I've chosen to use a parser to extract the main part and useful words. In hindsight it is probably overkill with the current uses. The parser could be replaced with something simpler, however the current setup works just fine.

### 3.1 Lexer
The lexer is responsible for tokenizing the input text. It splits the text into words and categorizes them into different types. 

In [45]:
# TOKENS: PART, ATTRIBUTE, CONTEXT
# all words are classified as either a part, an attribute, or context
# CONTEXT is a word that doesn't fit as either a PART or ATTRIBUTE

# The token classification is done by a simple lookup in a wordmap
# which is populated with all the parts in the parts catalog
# and other words that are known to be parts or attributes

TOKENS = ['PART', 'ATTRIBUTE', 'CONTEXT']
ATTRIBUTES = [
    "BLACK",
    "BOX",
    "ANGLE",
    "INTERCONNECT",
    "MOUNTING",
    "BLAST",
    "INNER",
    "SNAP",
    "PUSH",
    "BOTTOM",
    "WIRE",
    "BACK",
    "INDUCTION"
]
wordmap = {
    #"ENGINE": 'PART', # ENGINE would match with all parts, practically useless
    "INTAKE": 'PART', # a subset of parts, but we treat it as a part, even though we can't find it in the parts catalog
}

# make each part in the parts catalog a PART
for part in part_set:
    wordmap[part] = 'PART'
    wordmap[part + "S"] = 'PART'
    
    # if the part is an assembly, remove the last word
    splt = part.split(' ')
    if len(splt) > 1 and splt[-1] == 'ASSEMBLY':
        wordmap[' '.join(splt[:-1])] = 'PART'

# add all attributes as Tokens
for attribute in ATTRIBUTES:
    if attribute in wordmap:
        print("WARNING: attribute already in wordmap")
    wordmap[attribute] = 'ATTRIBUTE'

def lex(sentence):
    """
    Tokenize a sentence into PART, ATTRIBUTE, and CONTEXT tokens
    """
    tokens = []
    words = str(sentence).split(' ')
    for word in words:
        if word in wordmap:
            tokens.append((word, wordmap[word]))
        else:
            tokens.append((word, 'CONTEXT'))
    return tokens

print(lex("INTAKE TUBE GASKET"))
print(lex("BLACK BOX SEAL"))

[('INTAKE', 'PART'), ('TUBE', 'PART'), ('GASKET', 'PART')]
[('BLACK', 'ATTRIBUTE'), ('BOX', 'ATTRIBUTE'), ('SEAL', 'PART')]


### 3.2 Parser
The parser creates a tree structure from the token stream.
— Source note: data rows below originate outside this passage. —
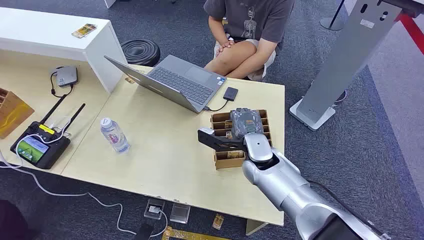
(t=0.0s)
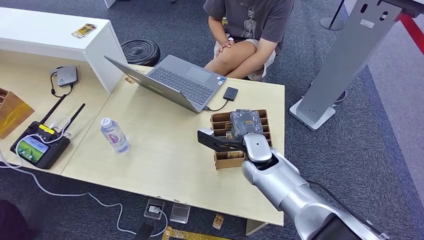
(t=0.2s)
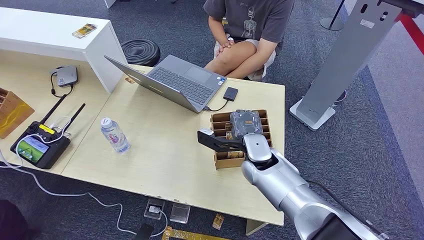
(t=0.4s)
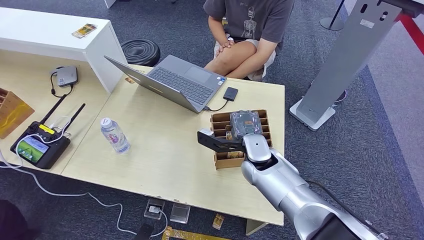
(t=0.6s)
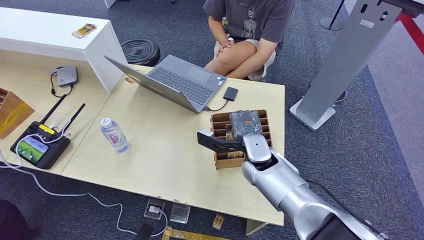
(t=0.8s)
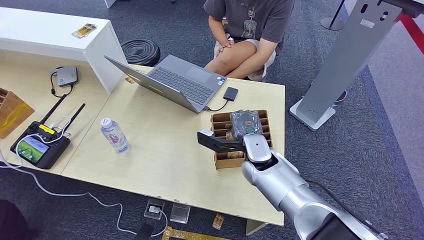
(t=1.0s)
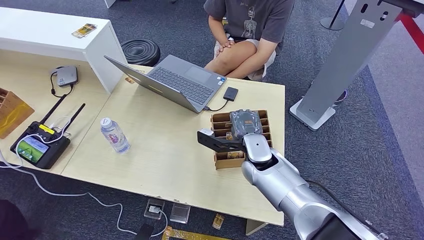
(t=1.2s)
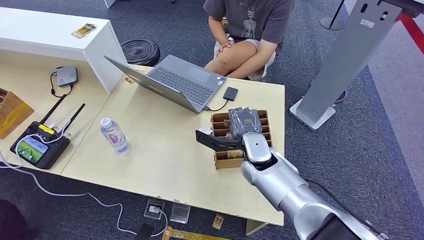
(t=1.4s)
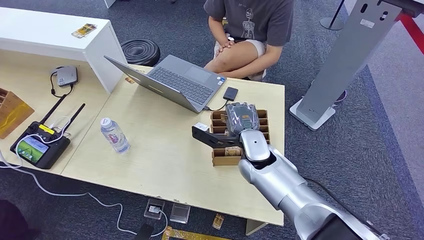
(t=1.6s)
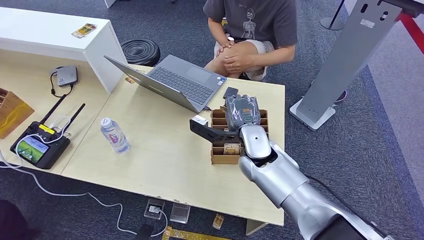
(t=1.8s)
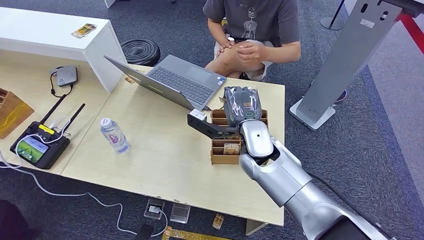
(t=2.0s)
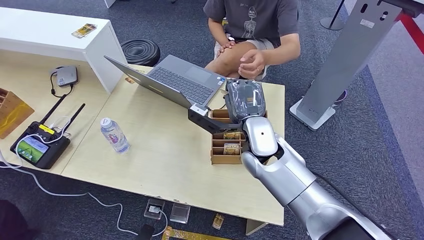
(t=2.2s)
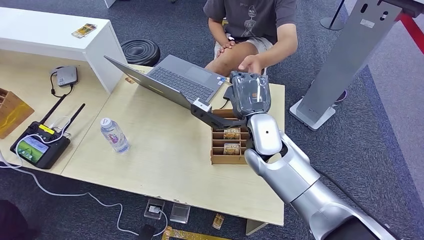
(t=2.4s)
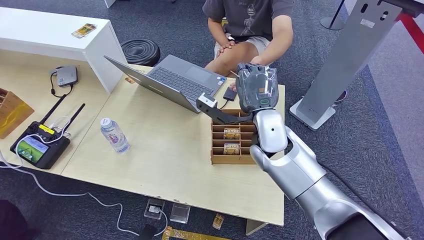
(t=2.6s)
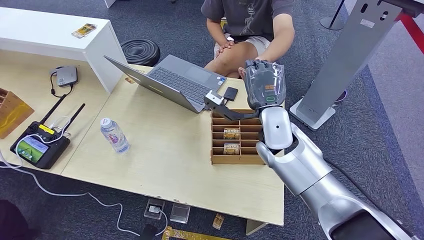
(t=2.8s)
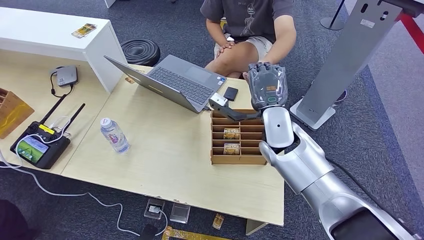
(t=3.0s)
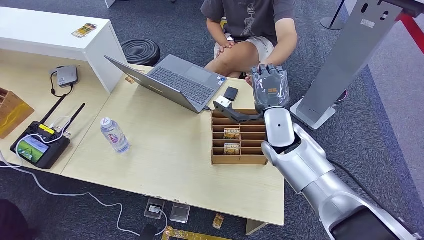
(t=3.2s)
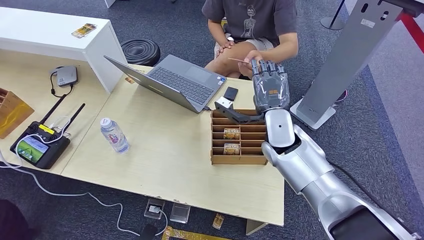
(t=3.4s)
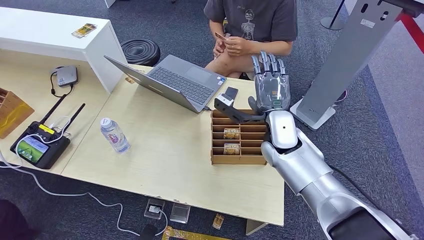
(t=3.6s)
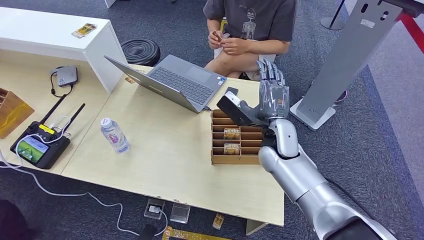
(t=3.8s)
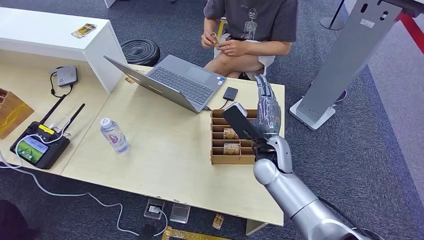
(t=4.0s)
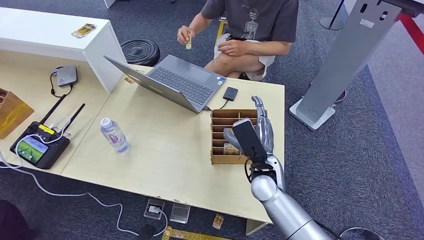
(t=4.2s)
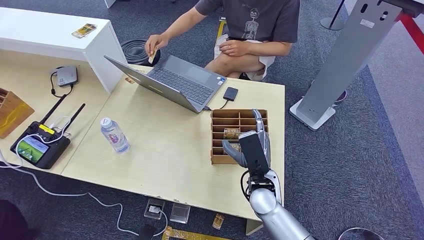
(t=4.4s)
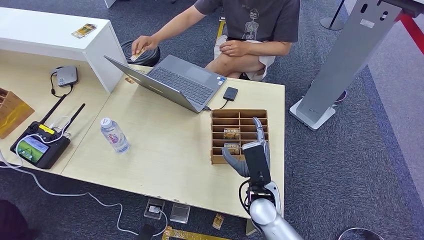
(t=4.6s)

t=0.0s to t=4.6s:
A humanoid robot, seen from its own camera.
Step, t=0.0s to t=1.8s: Pick up the key card from the card box.
Step, t=2.2s to t=4.6s: Hand the key card to the target.
t=1.6s to t=3.0s: The right hand is displaced upward by about 5 cm.
t=3.0s to t=4.6s: The right hand travels downward and backward by approximately 20 cm.

The tree structure is used to extract the main part and useful words.

In [46]:
# tree structure:
# main: ctx part ctx
# part: ATTRIBUTE part
#     | PART part
#     | -
# ctx : CONTEXT ctx
#     | -
# we don't care about ambiguity in the parsing,
# as examples are small enough to brute force the parsing

class ParseNode:
    def __init__(self, type, value, children):
        self.type = type
        self.value = value
        self.children = children
        
    def __str__(self):
        s = self.type
        if self.value != '':
            s += ' ' + self.value
        s += ' ('
        for child in self.children:
            s += str(child) + ', '
        s += ')'
        return s
    
    def __repr__(self) -> str:
        return self.__str__()
    
class UnparsableException(Exception):
    pass

def parse(tokens):
    """
    Parse a list of tokens into a tree structure
    """
    try:
        ctx1 = parse_ctx(tokens)
        part = parse_part(tokens, True)
        ctx2 = parse_ctx(tokens)
        if tokens != []:
            raise UnparsableException
        return ParseNode('main', '', [ctx1, part, ctx2])
    except UnparsableException:
        return None

def parse_part(tokens, force=False):
    if tokens == []:
        if force:
            raise UnparsableException
        return ParseNode("", "", [])
    
    next = tokens.pop(0)
    if next[1] == 'CONTEXT':
        tokens.insert(0, next)
        if force:
            raise UnparsableException
        return ParseNode("part", "", [])
    if next[1] == 'ATTRIBUTE':
        leaf = ParseNode('ATTRIBUTE', next[0], [])
        return ParseNode('part', "", [leaf, parse_part(tokens, force)])
    elif next[1] == 'PART':
        leaf = ParseNode('PART', next[0], [])
        return ParseNode('part', "", [leaf, parse_part(tokens, False)])
    else:
        raise UnparsableException

def parse_ctx(tokens):
    if tokens == []:
        return ParseNode("ctx", "", [])
    
    next = tokens.pop(0)
    if next[1] == 'CONTEXT':
        leaf = ParseNode('CONTEXT', next[0], [])
        return ParseNode('ctx', "", [leaf, parse_ctx(tokens)])
    else:
        tokens.insert(0, next)
        return ParseNode("ctx", "", [])
    
print(parse(lex("INTAKE TUBE GASKET")))
print(parse(lex("BLACK BOX SEAL")))

main (ctx (), part (PART INTAKE (), part (PART TUBE (), part (PART GASKET (),  (), ), ), ), ctx (), )
main (ctx (), part (ATTRIBUTE BLACK (), part (ATTRIBUTE BOX (), part (PART SEAL (),  (), ), ), ), ctx (), )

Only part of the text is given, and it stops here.